**Work order:** Please copy only the material from the line that has "953x1232 pixels. At" to the very last line, both ends included, exactly as written and without pictures.
***** Exercise inputs *****
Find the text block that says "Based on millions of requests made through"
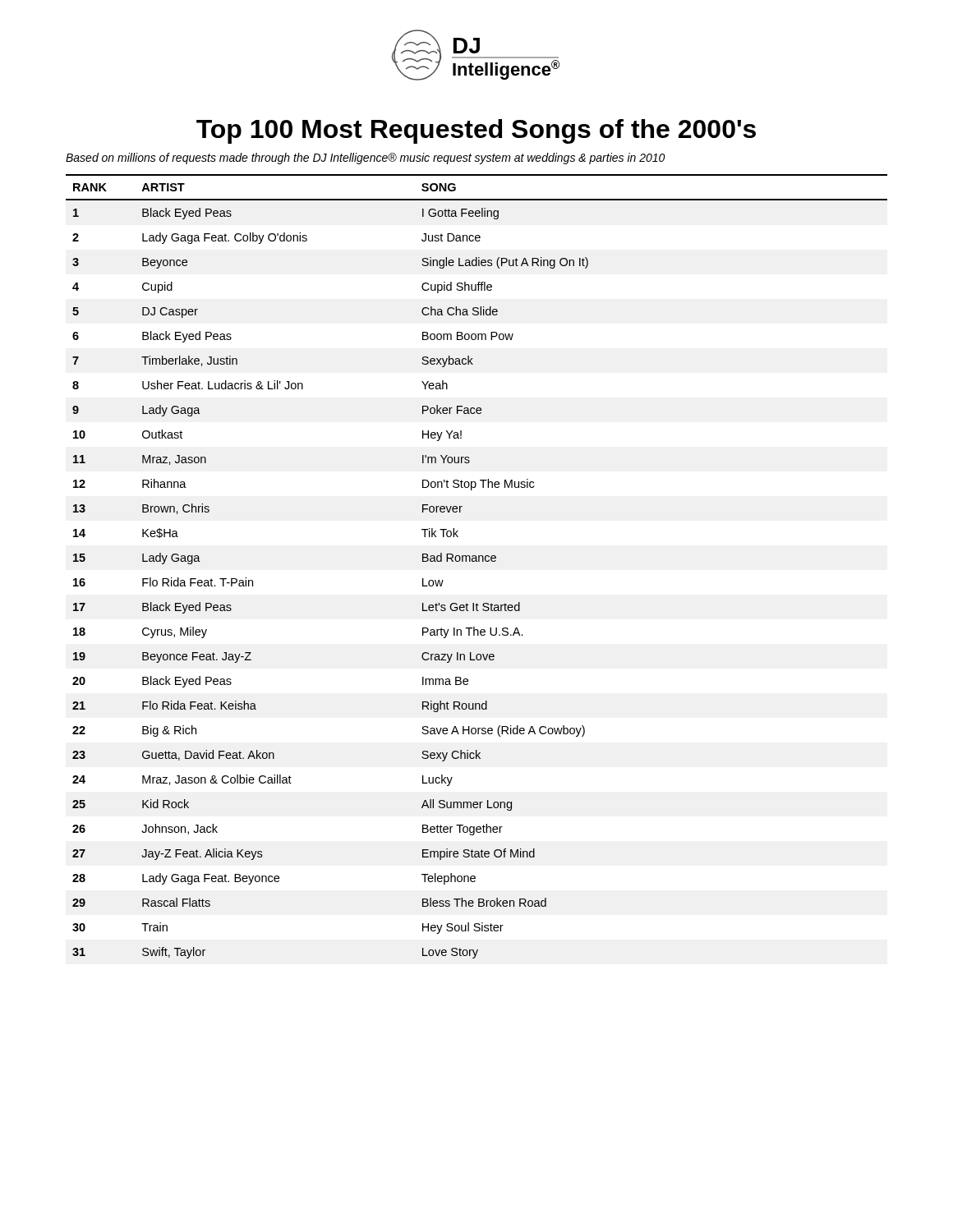 (x=365, y=158)
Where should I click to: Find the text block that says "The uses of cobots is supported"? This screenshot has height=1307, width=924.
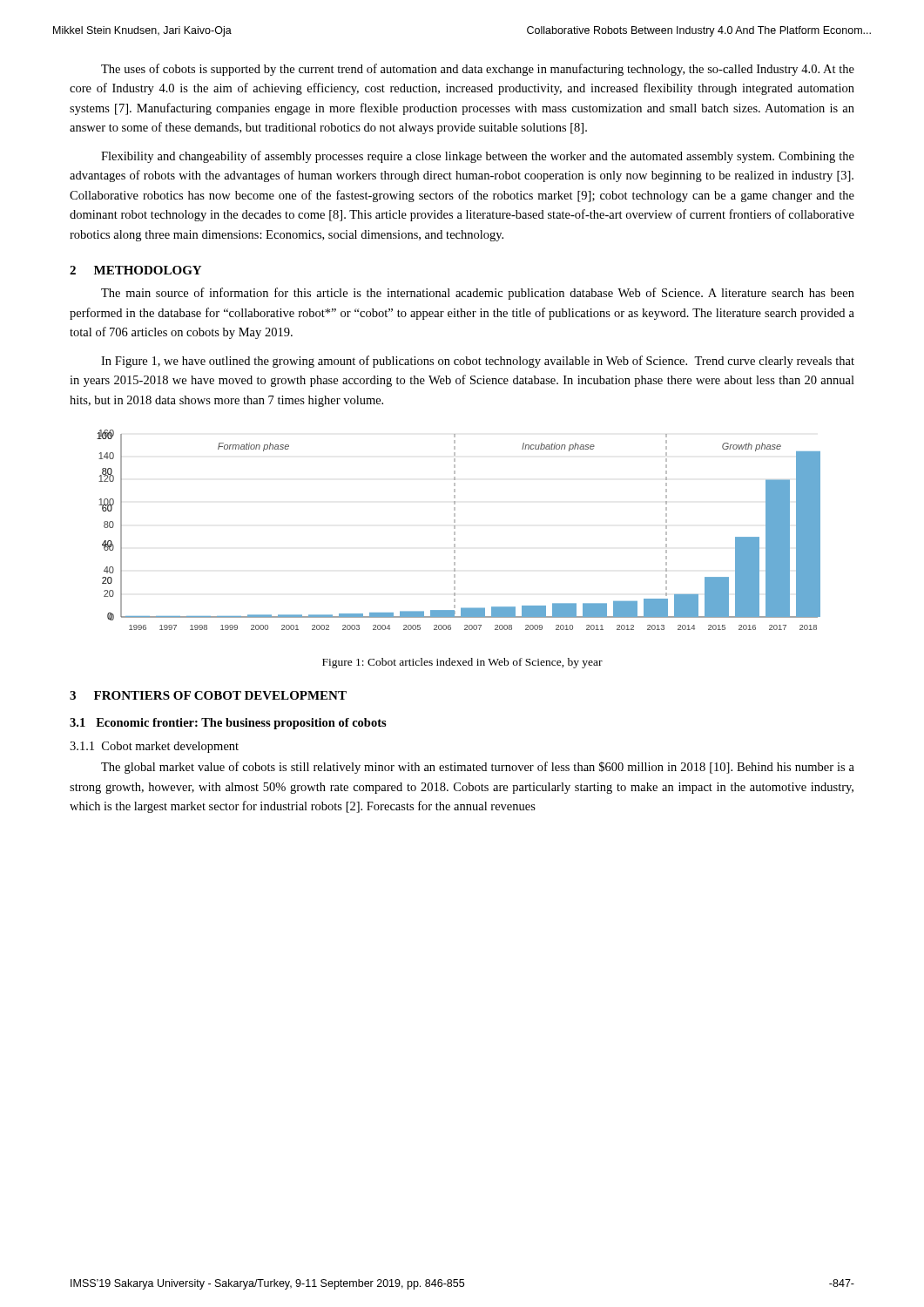coord(462,152)
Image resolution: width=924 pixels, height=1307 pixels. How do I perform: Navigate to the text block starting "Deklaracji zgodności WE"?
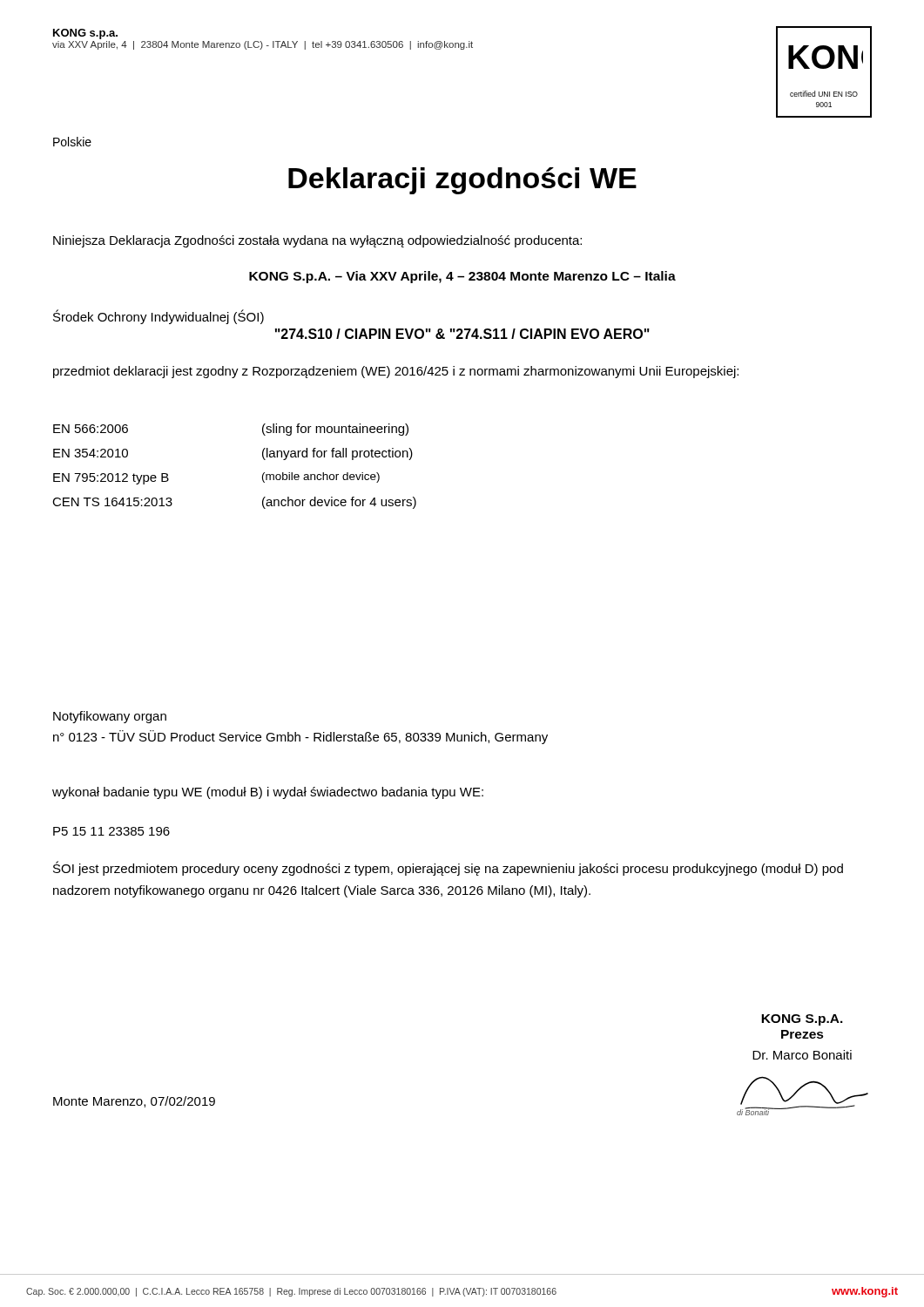tap(462, 178)
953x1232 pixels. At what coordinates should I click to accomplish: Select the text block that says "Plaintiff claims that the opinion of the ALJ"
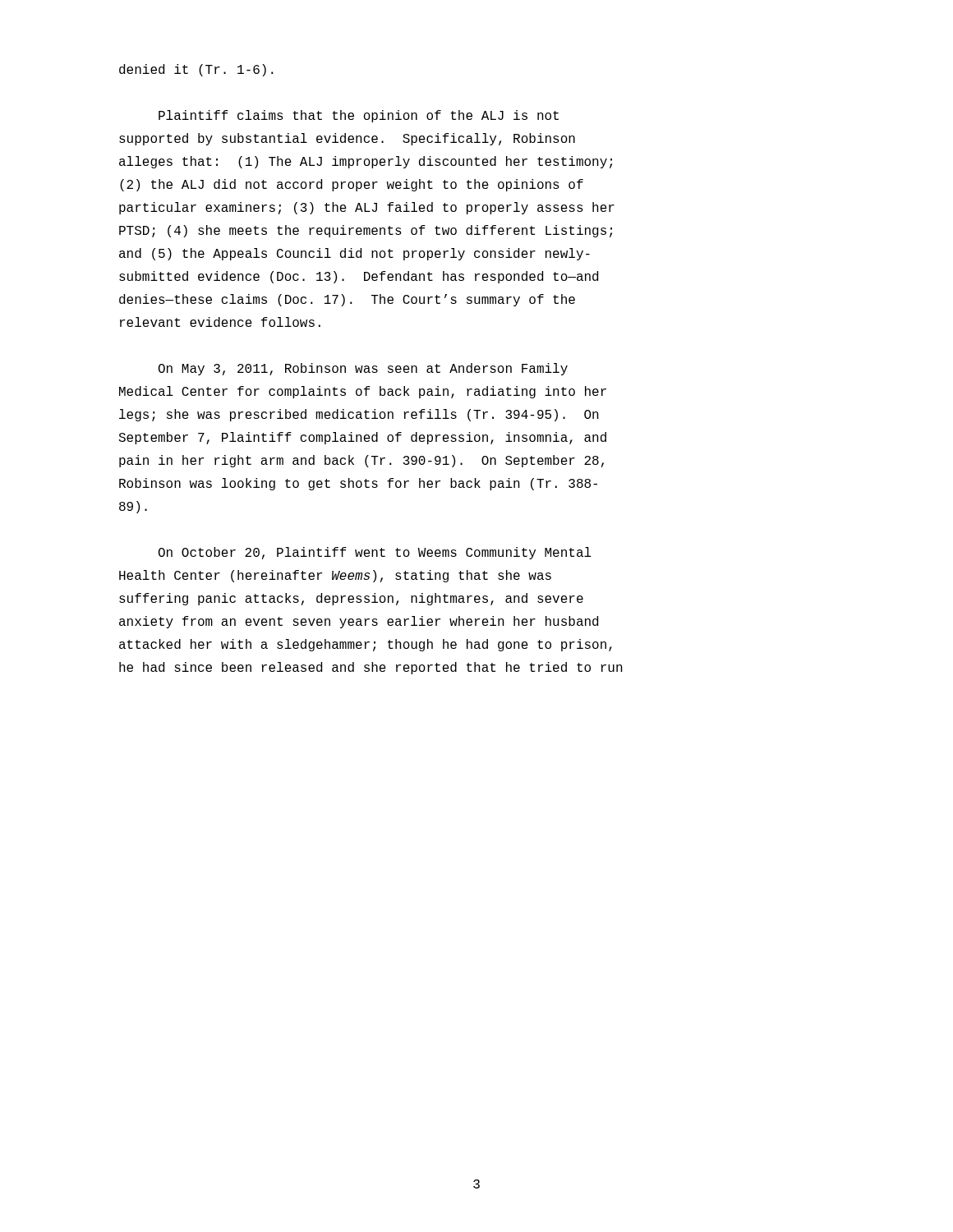click(x=367, y=220)
*****
**Result for this task:**
953x1232 pixels. At what coordinates should I click to accomplish: Select the text block that says "Plaintiff claims that the opinion of the ALJ"
click(x=367, y=220)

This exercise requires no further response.